OpenAI and other firms are using synthetic data to train AI models

Advanced AI models now being trained using computer-made 'synthetic' data

Image:
Advanced AI models now being trained using computer-made 'synthetic' data

Major tech firms developing generative AI models are actively exploring a new approach to acquiring the vast amounts of information they need for their advanced models: creating it from scratch using computer-generated data.

Players like Microsoft, OpenAI, and Cohere are employing synthetic data to train their large language models (LLMs), primarily due to the constraints in the availability of human-made data.

Microsoft-backed OpenAI's introduction of ChatGPT in November sparked a wave of products this year, from companies including Google and Anthropic. These products can generate plausible text, code or images when provided with simple prompts.

The large language models (LLMs) that drive chatbots like ChatGPT and Google's Bard primarily depend on web scraping techniques to gather data from digitised books, news articles, social media, search queries, images, videos and other online sources.

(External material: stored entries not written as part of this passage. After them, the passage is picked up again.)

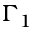<formula> <loc_0><loc_0><loc_500><loc_500>\Gamma _ { 1 }</formula> 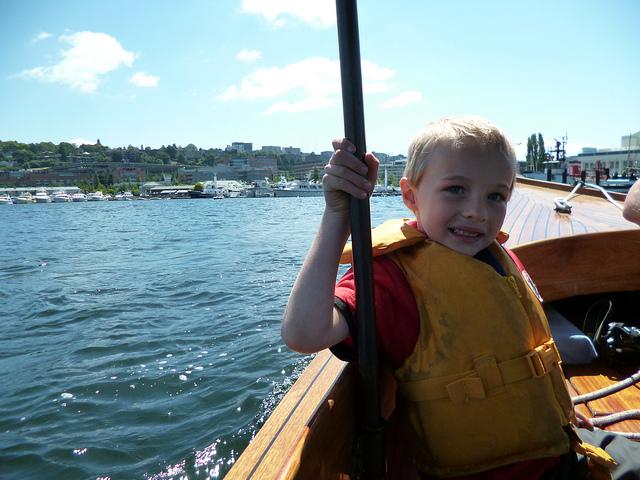From what material is the boat constructed?
Keep it brief. Wood. Is the child scared?
Be succinct. No. How cold is the water?
Write a very short answer. Not very. 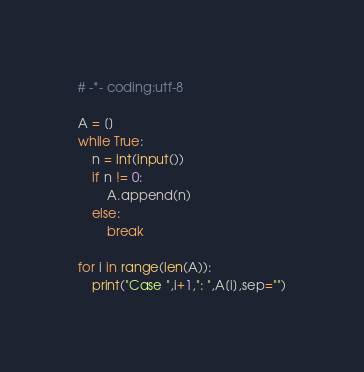<code> <loc_0><loc_0><loc_500><loc_500><_Python_># -*- coding:utf-8

A = []
while True:
    n = int(input())
    if n != 0:
        A.append(n)
    else:
        break

for i in range(len(A)):
    print("Case ",i+1,": ",A[i],sep="")
</code> 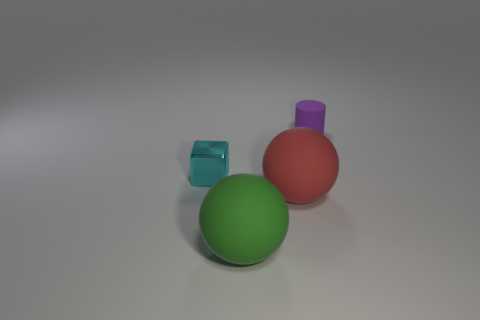Add 4 gray metallic balls. How many objects exist? 8 Subtract all cubes. How many objects are left? 3 Subtract 0 red cylinders. How many objects are left? 4 Subtract all rubber objects. Subtract all green things. How many objects are left? 0 Add 1 tiny cyan things. How many tiny cyan things are left? 2 Add 4 purple rubber things. How many purple rubber things exist? 5 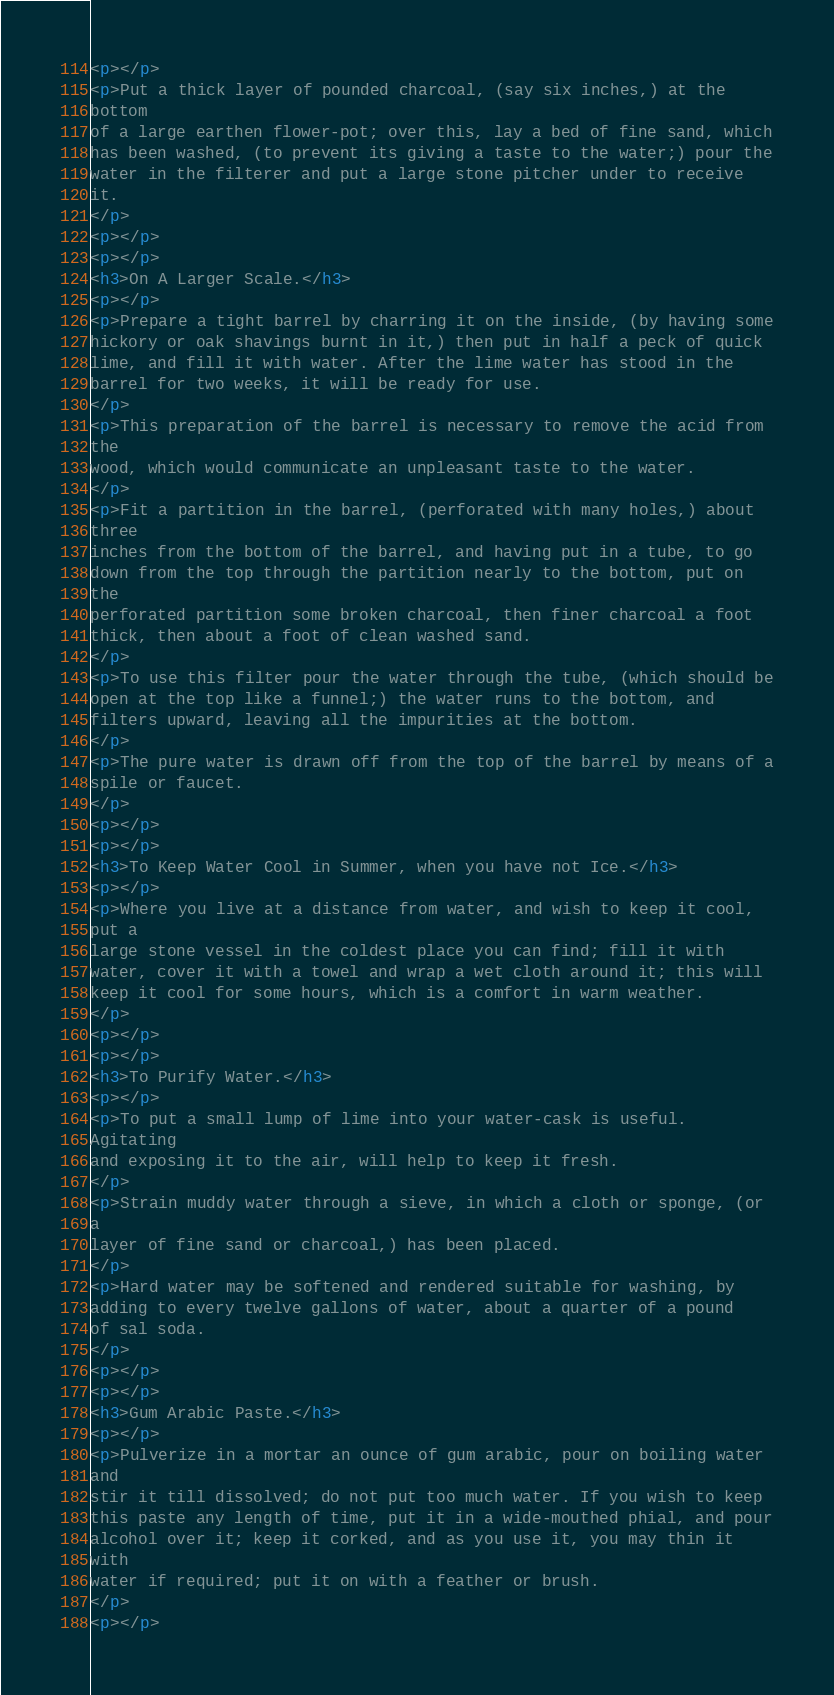<code> <loc_0><loc_0><loc_500><loc_500><_HTML_><p></p>
<p>Put a thick layer of pounded charcoal, (say six inches,) at the
bottom
of a large earthen flower-pot; over this, lay a bed of fine sand, which
has been washed, (to prevent its giving a taste to the water;) pour the
water in the filterer and put a large stone pitcher under to receive
it.
</p>
<p></p>
<p></p>
<h3>On A Larger Scale.</h3>
<p></p>
<p>Prepare a tight barrel by charring it on the inside, (by having some
hickory or oak shavings burnt in it,) then put in half a peck of quick
lime, and fill it with water. After the lime water has stood in the
barrel for two weeks, it will be ready for use.
</p>
<p>This preparation of the barrel is necessary to remove the acid from
the
wood, which would communicate an unpleasant taste to the water.
</p>
<p>Fit a partition in the barrel, (perforated with many holes,) about
three
inches from the bottom of the barrel, and having put in a tube, to go
down from the top through the partition nearly to the bottom, put on
the
perforated partition some broken charcoal, then finer charcoal a foot
thick, then about a foot of clean washed sand.
</p>
<p>To use this filter pour the water through the tube, (which should be
open at the top like a funnel;) the water runs to the bottom, and
filters upward, leaving all the impurities at the bottom.
</p>
<p>The pure water is drawn off from the top of the barrel by means of a
spile or faucet.
</p>
<p></p>
<p></p>
<h3>To Keep Water Cool in Summer, when you have not Ice.</h3>
<p></p>
<p>Where you live at a distance from water, and wish to keep it cool,
put a
large stone vessel in the coldest place you can find; fill it with
water, cover it with a towel and wrap a wet cloth around it; this will
keep it cool for some hours, which is a comfort in warm weather.
</p>
<p></p>
<p></p>
<h3>To Purify Water.</h3>
<p></p>
<p>To put a small lump of lime into your water-cask is useful.
Agitating
and exposing it to the air, will help to keep it fresh.
</p>
<p>Strain muddy water through a sieve, in which a cloth or sponge, (or
a
layer of fine sand or charcoal,) has been placed.
</p>
<p>Hard water may be softened and rendered suitable for washing, by
adding to every twelve gallons of water, about a quarter of a pound
of sal soda.
</p>
<p></p>
<p></p>
<h3>Gum Arabic Paste.</h3>
<p></p>
<p>Pulverize in a mortar an ounce of gum arabic, pour on boiling water
and
stir it till dissolved; do not put too much water. If you wish to keep
this paste any length of time, put it in a wide-mouthed phial, and pour
alcohol over it; keep it corked, and as you use it, you may thin it
with
water if required; put it on with a feather or brush.
</p>
<p></p></code> 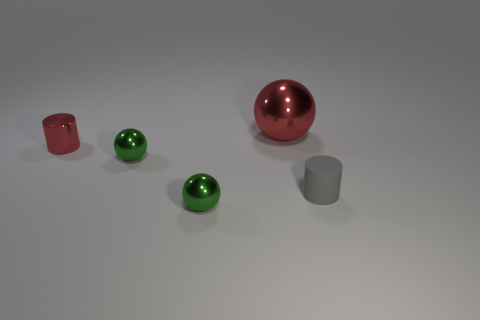Subtract all small metallic balls. How many balls are left? 1 Subtract all yellow cylinders. How many green balls are left? 2 Add 3 tiny gray rubber cylinders. How many objects exist? 8 Subtract all cylinders. How many objects are left? 3 Subtract 1 cylinders. How many cylinders are left? 1 Subtract all brown spheres. Subtract all blue cylinders. How many spheres are left? 3 Add 1 gray rubber things. How many gray rubber things exist? 2 Subtract 0 brown blocks. How many objects are left? 5 Subtract all purple matte cylinders. Subtract all large red metallic spheres. How many objects are left? 4 Add 2 big metal objects. How many big metal objects are left? 3 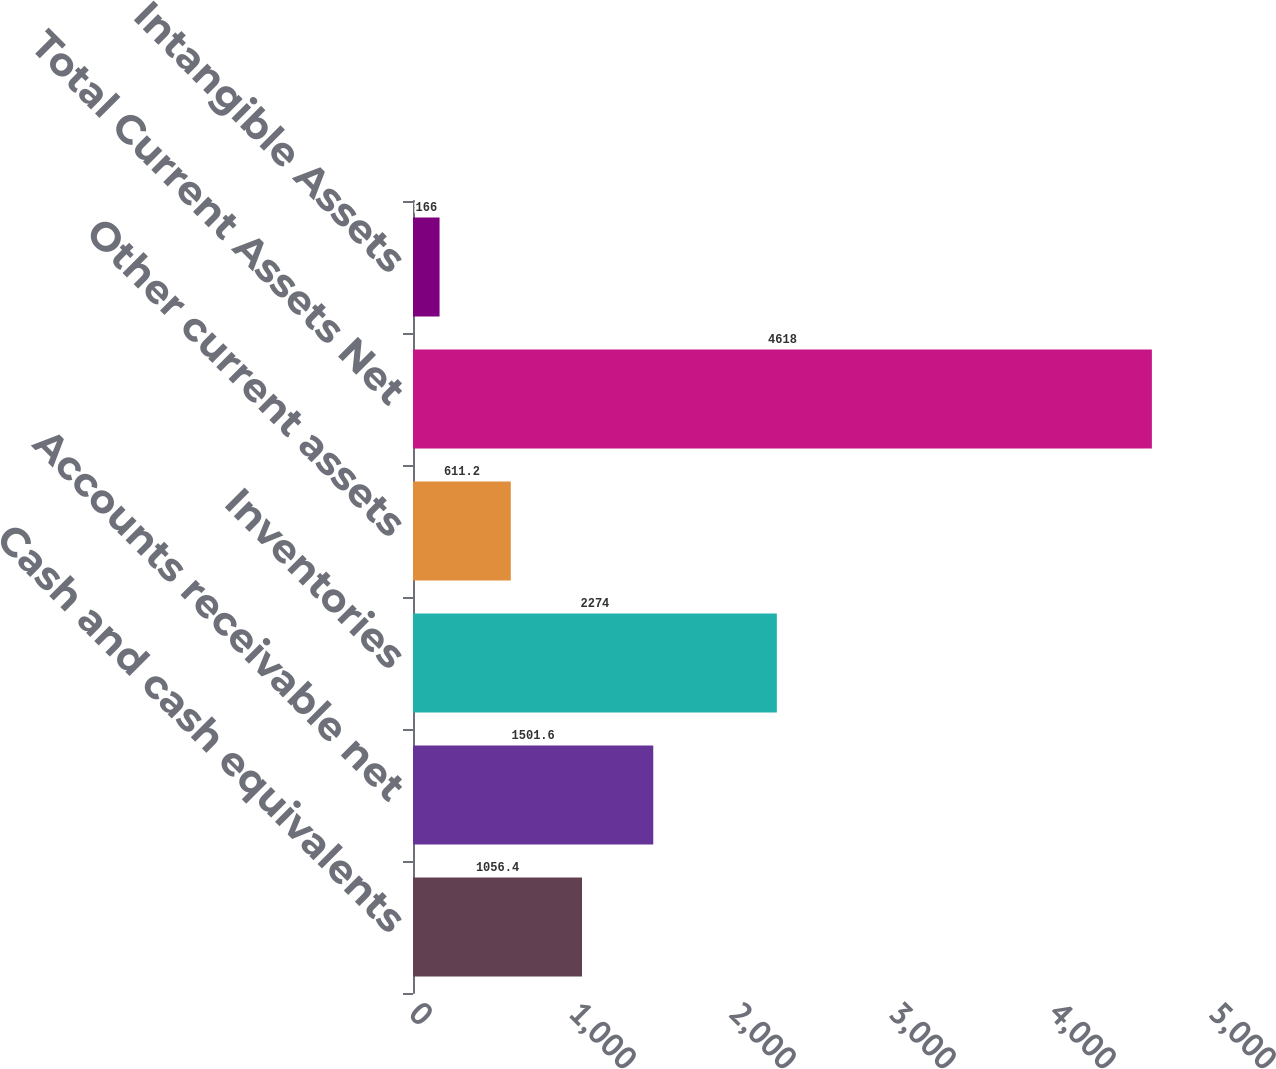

After gathering the data, humans refine the information and fill in any gaps in the dataset. This process is commonly referred to as "reinforcement learning by human feedback" (RLHF).

The diverse range of data enables chatbots to provide comprehensive and contextually relevant responses to user queries and prompts.

However, as generative AI tools becomes more advanced, AI companies are starting to encounter significant challenges related to data access and privacy. Additionally, developers have observed that relying solely on generic data sourced from the web is no longer sufficient to achieve further advancements in AI model performance.

In order to continue improving, AI models will need access to unique and sophisticated data sets. These specialised datasets may need to be curated and generated by domain experts such as scientists, doctors, and engineers.

Alternatively, AI companies may seek to acquire proprietary data from large corporations, which could provide valuable insights and unique information.

But human-created data can be very costly and time-consuming to collect.

Computer-generated synthetic data offers a cost-effective solution to this challenge.

The CEO of AI firm Cohere, Aiden Gomez, told the Financial Times that synthetic data is already actively employed in training AI models, but its adoption is not widely publicised.

A notable example he cited involves training a model in advanced mathematics. In this approach, two AI models take on the roles of a teacher and a student, engaging in a discussion about a specific topic, such as trigonometry.

During the exchange, a human observer intervenes to correct any inaccuracies in the conversation. This interactive process helps the AI models learn and improve their understanding of complex mathematical concepts effectively.

Last year, a collaborative team of researchers from MIT, the MIT-IBM Watson AI Lab, and Boston University developed a synthetic dataset containing 150,000 video clips, capturing diverse human actions. This dataset served as training material for their machine-learning models.

Subsequently, the researchers exposed these models to six datasets comprising real-world videos to assess their ability to recognise actions in those clips.

Surprisingly, the models trained on synthetic data outperformed those trained on real data, especially in videos with fewer background objects.

The finding suggested that synthetic data can be a valuable resource for training machine-learning models.

The Financial Times highlights a research paper by Microsoft Research titled 'Textbooks Are All You Need.'

The paper [pdf] illustrated how training a coding model using high-quality textbook data resulted in impressive performance on coding tasks.

A recent Microsoft study has demonstrated the efficacy of synthetic data in training smaller and less complex models. In one example, a synthetic dataset of short stories, generated using GPT-4, was successfully used to train a simple language model.

The trained model was able to generate coherent and grammatically correct stories, showcasing the potential of synthetic data in training efficient AI models.

Startups have emerged to serve the market for synthetic data services. Companies like Scale AI and Gretel.ai say their datasets address concerns around preserving privacy and eliminating biases.

However, critics warn that the use of AI-generated raw data could lead to the degradation of AI technology over time, due to the inclusion of falsehoods and inaccuracies.

Nevertheless, AI researchers view synthetic data as a promising path towards achieving superintelligent AI.